Automatic Data Processing Inc.'s rejection of Bill Ackman's board candidates will leave the decision in shareholders' hands. That's not great news for the activist.
Ackman articulated some valid criticisms of the provider of outsourced human resources services in his three-and-a-half hour, 167-page presentation on the company last week. But I'm doubtful it went far enough to turn investors against the current management team at ADP. There's a reason why companies that have handily outperformed benchmark indexes don't tend to make ideal activist targets. It's never been clear what Ackman and his two other board nominees could do that the current directors couldn't.
The crux of Ackman's argument was that ADP could meaningfully increase its margins by improving its technology and simplifying its bloated corporate and service-team structure. These are not new issues at ADP; Evercore ISI's David Togut pointed out the company's market share losses in June. Management could move more aggressively, but structural disadvantages and the risk of disruption for clients made analysts skeptical of Ackman's targeted 1200 basis points of overall EBIT margin expansion by fiscal 2022.
Either way, it seems like investors will give the current management team an opportunity to correct the problem. They've earned that much. Few companies in general, let alone activist targets, command the level of respect and loyalty that equity analysts and prominent one-time shareholder and board member Leon Cooperman have shown to ADP amid this proxy fight.
And that raises an interesting quandary for Ackman. It's entirely possible that he could win at ADP on any stock gains as the company takes steps to address some of his criticisms, but still suffer a loss from a publicity standpoint on his activist goals. By most accounts, his battle at ADP isn't looking like the glorious post-Valeant Pharmaceuticals International Inc. and Chipotle Mexican Grill Inc. comeback he might have hoped it would be. (Add to that, his well-documented bet against Herbalife Ltd. took a blow on Monday as the company announced an aggressive buyback plan.) Ackman says he didn't want his ADP campaign to turn into a proxy fight, but he has largely himself to blame for this souring of relations.
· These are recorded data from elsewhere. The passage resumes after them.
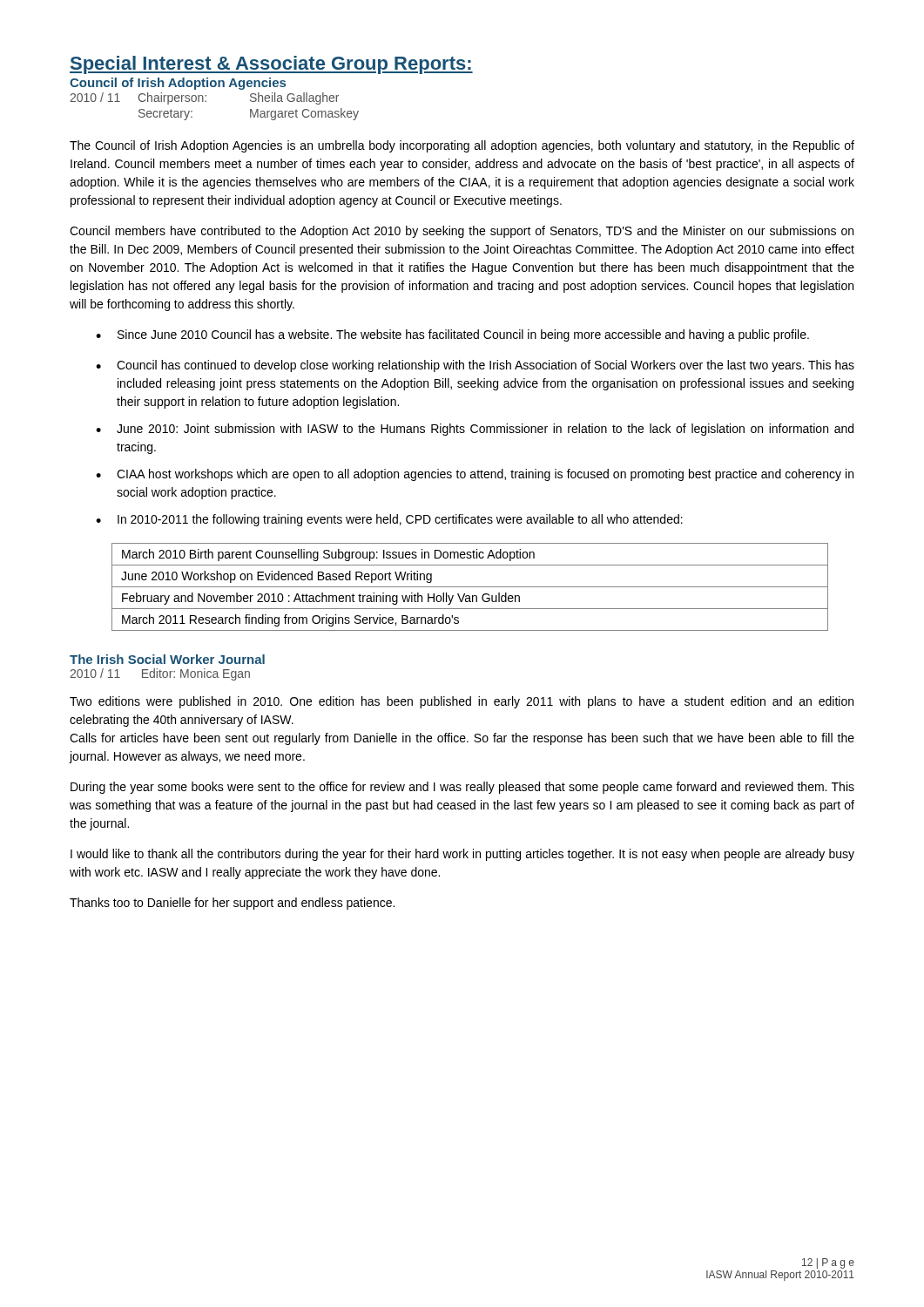
Task: Locate the block of text that opens with "Two editions were published in 2010. One"
Action: 462,730
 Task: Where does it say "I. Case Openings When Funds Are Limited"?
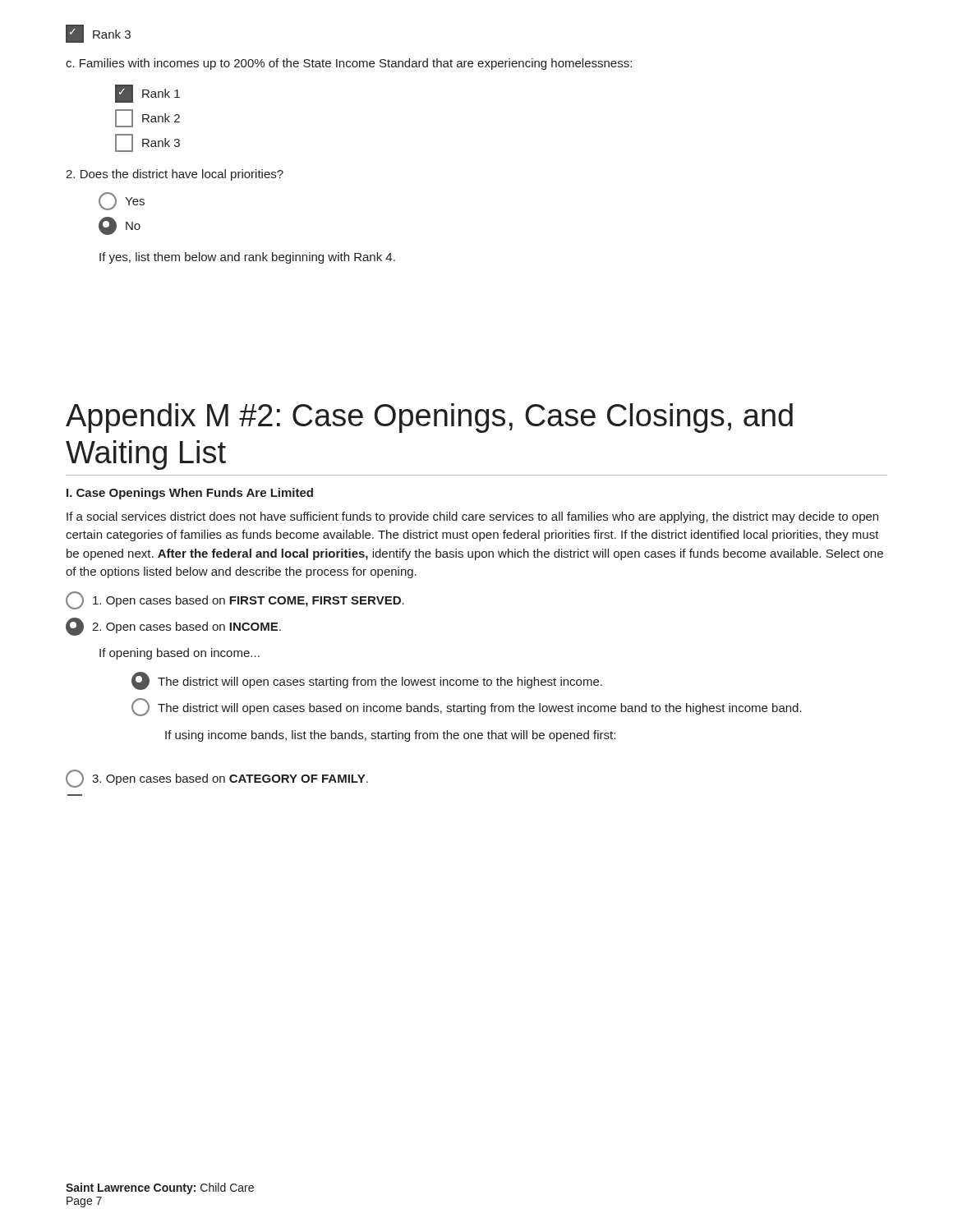190,492
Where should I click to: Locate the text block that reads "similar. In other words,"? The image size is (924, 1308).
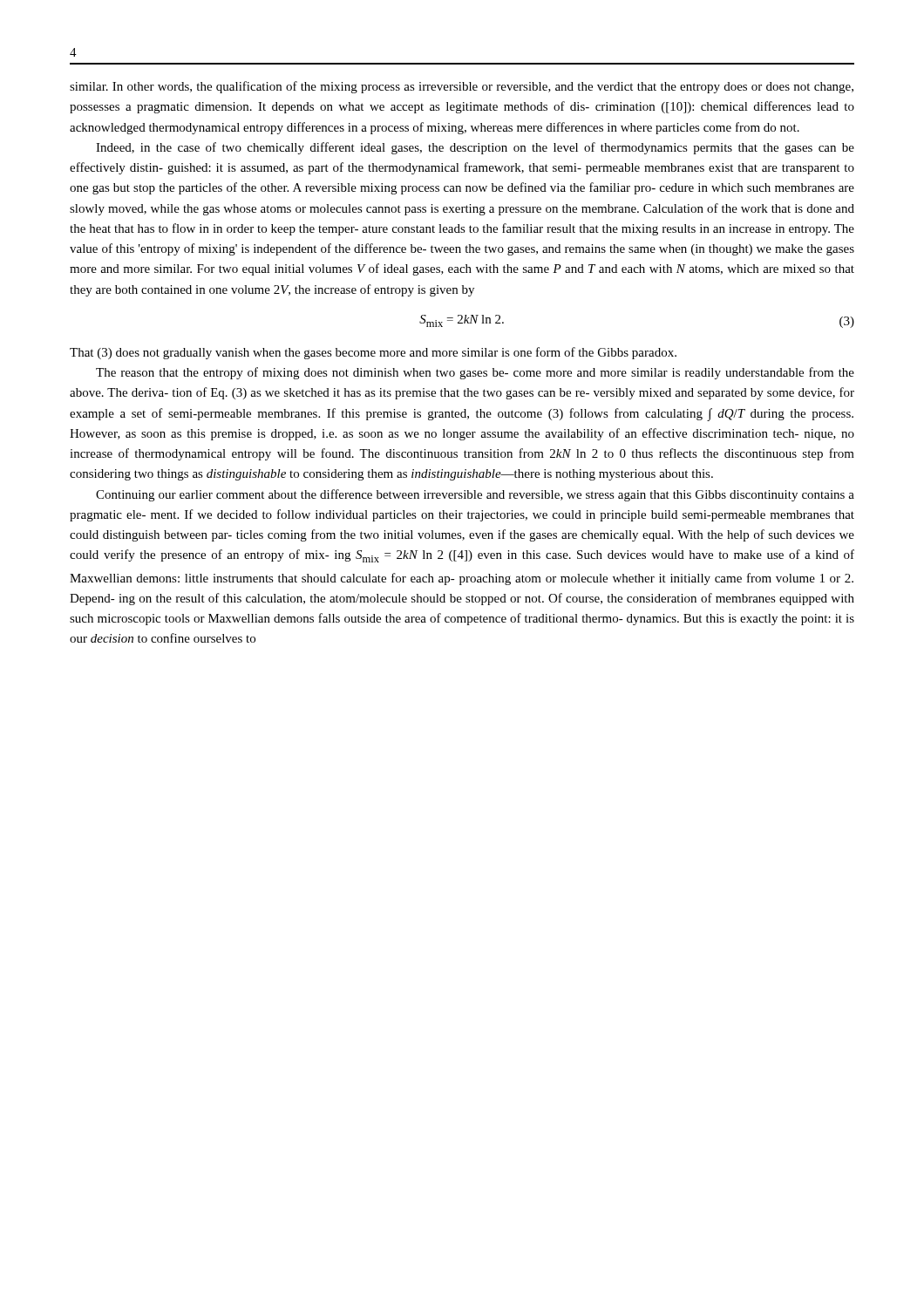tap(462, 107)
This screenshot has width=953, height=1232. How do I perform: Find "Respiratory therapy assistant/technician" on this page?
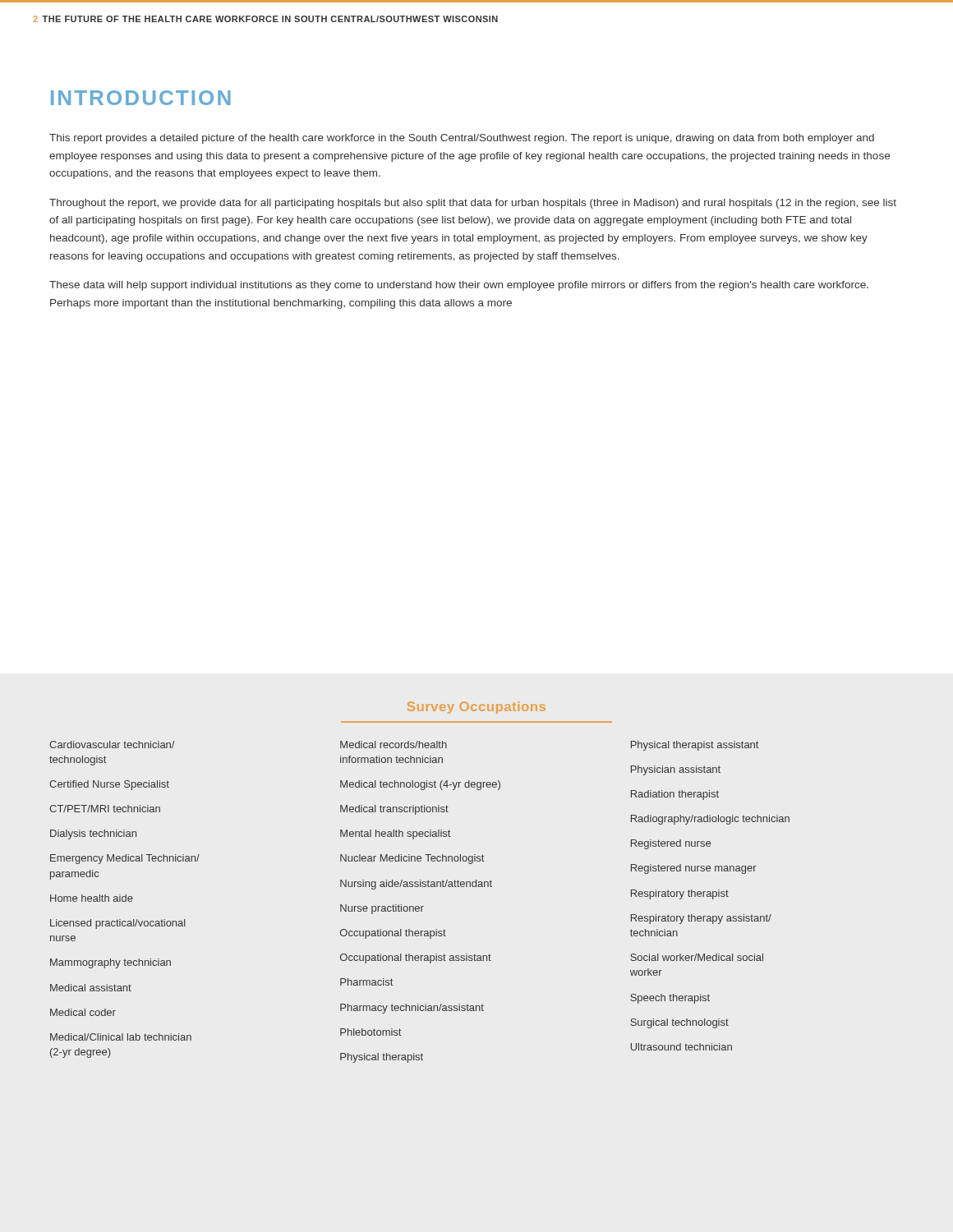coord(701,925)
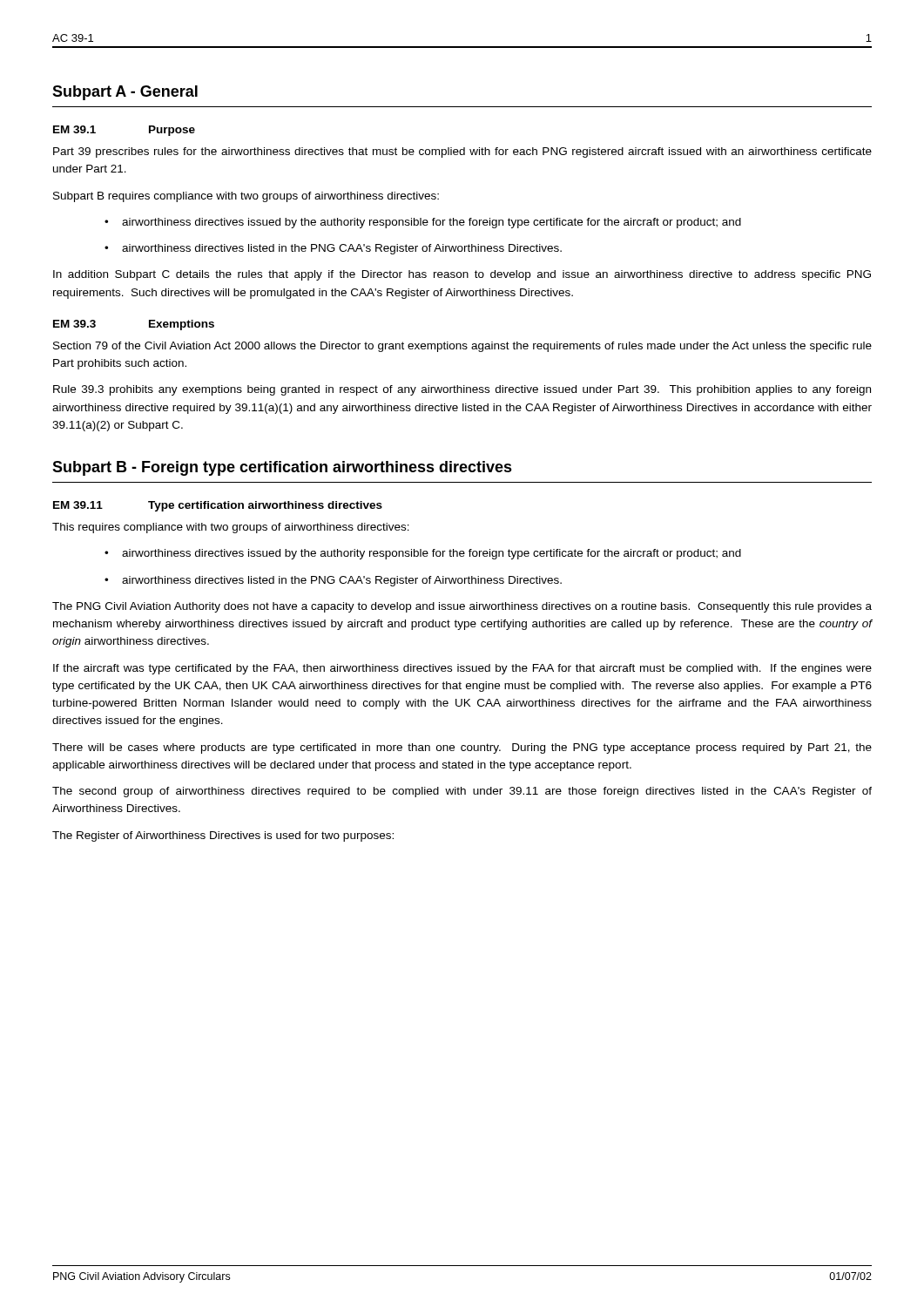Image resolution: width=924 pixels, height=1307 pixels.
Task: Where is the passage that starts "Part 39 prescribes rules for the airworthiness"?
Action: (462, 160)
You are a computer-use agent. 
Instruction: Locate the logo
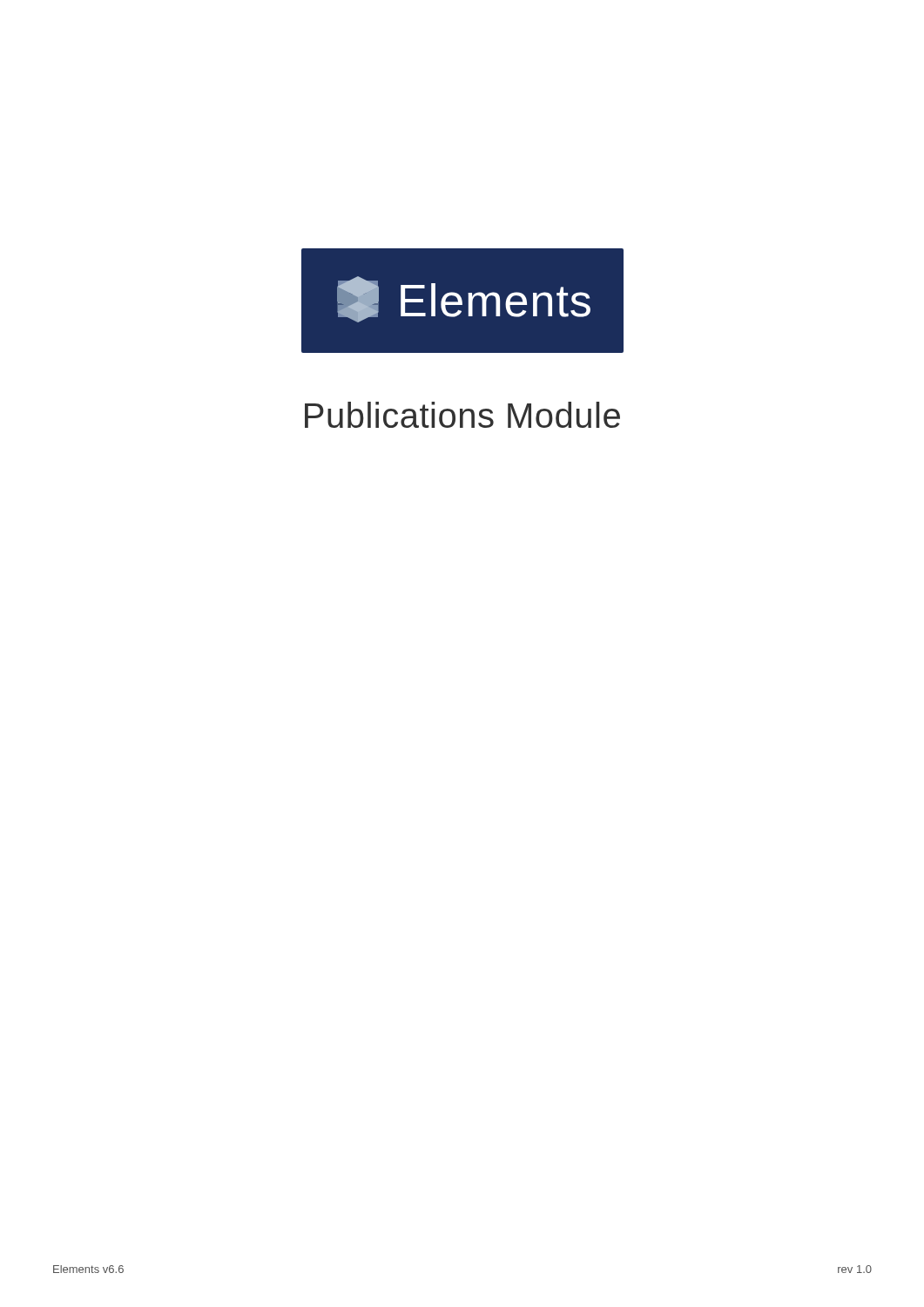point(462,301)
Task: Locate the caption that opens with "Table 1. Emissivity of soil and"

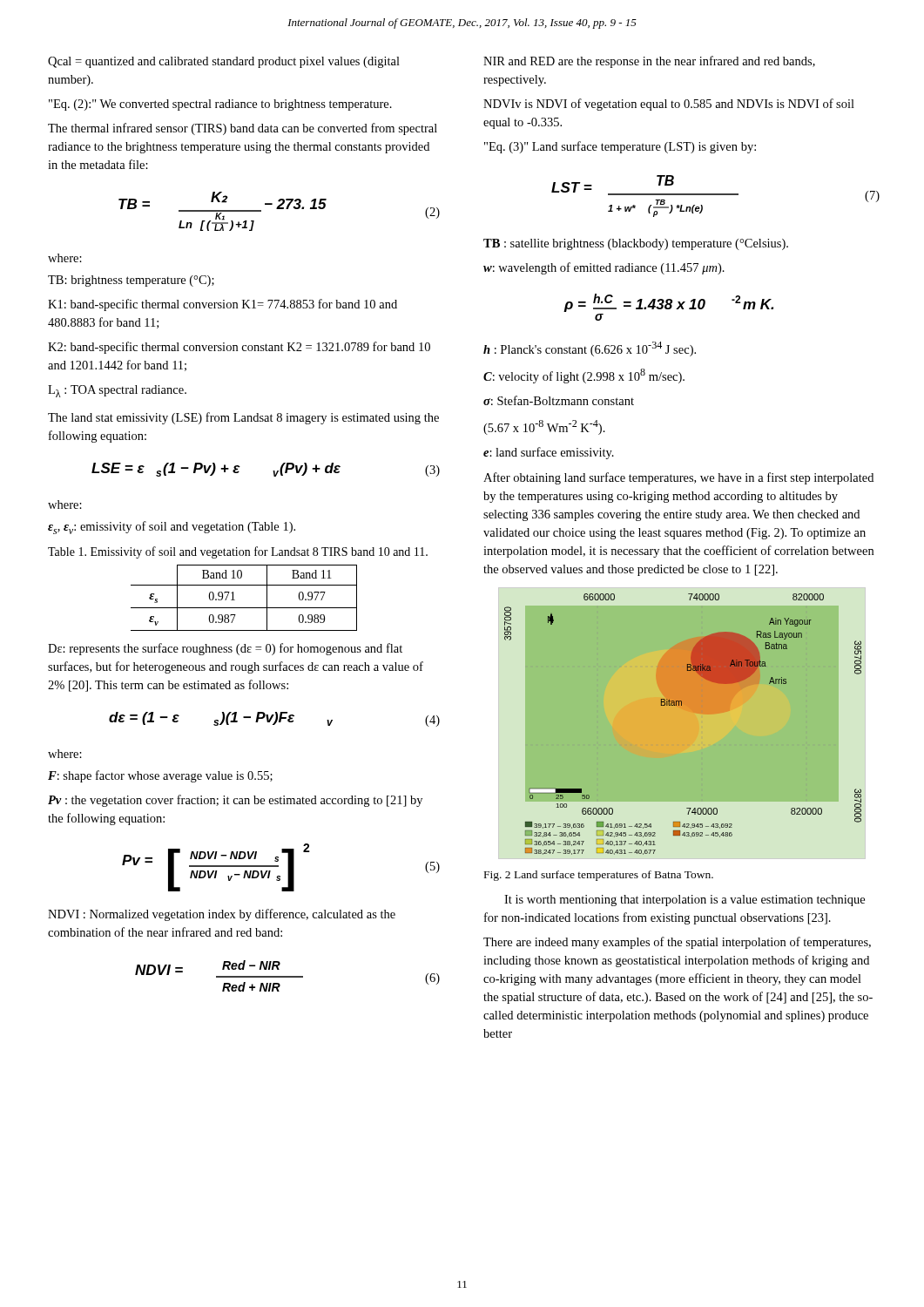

ADP CEO Carlos Rodriguez got reprimanded by Egan Jones for calling Ackman a "spoiled brat," with the proxy-advisory firm noting such a comment highlights the lack of shareholder input on running the company. But Rodriguez also wasn't wrong. Ackman started this process by demanding special treatment: He wanted the company to agree to extend the nomination window for board candidates, but wasn't very upfront about the details of his plan for "transformational change." Cooperman was also irritated by Ackman's approach, calling it "destructive."
Cooperman likely won't be the only one. Big asset managers such as BlackRock Inc. have been pushing back against settlements with activist investors that limit their opportunity to make their own voice heard. Ackman has a long horizon (in activist terms) for his ADP plan; it's not too late to rethink his approach.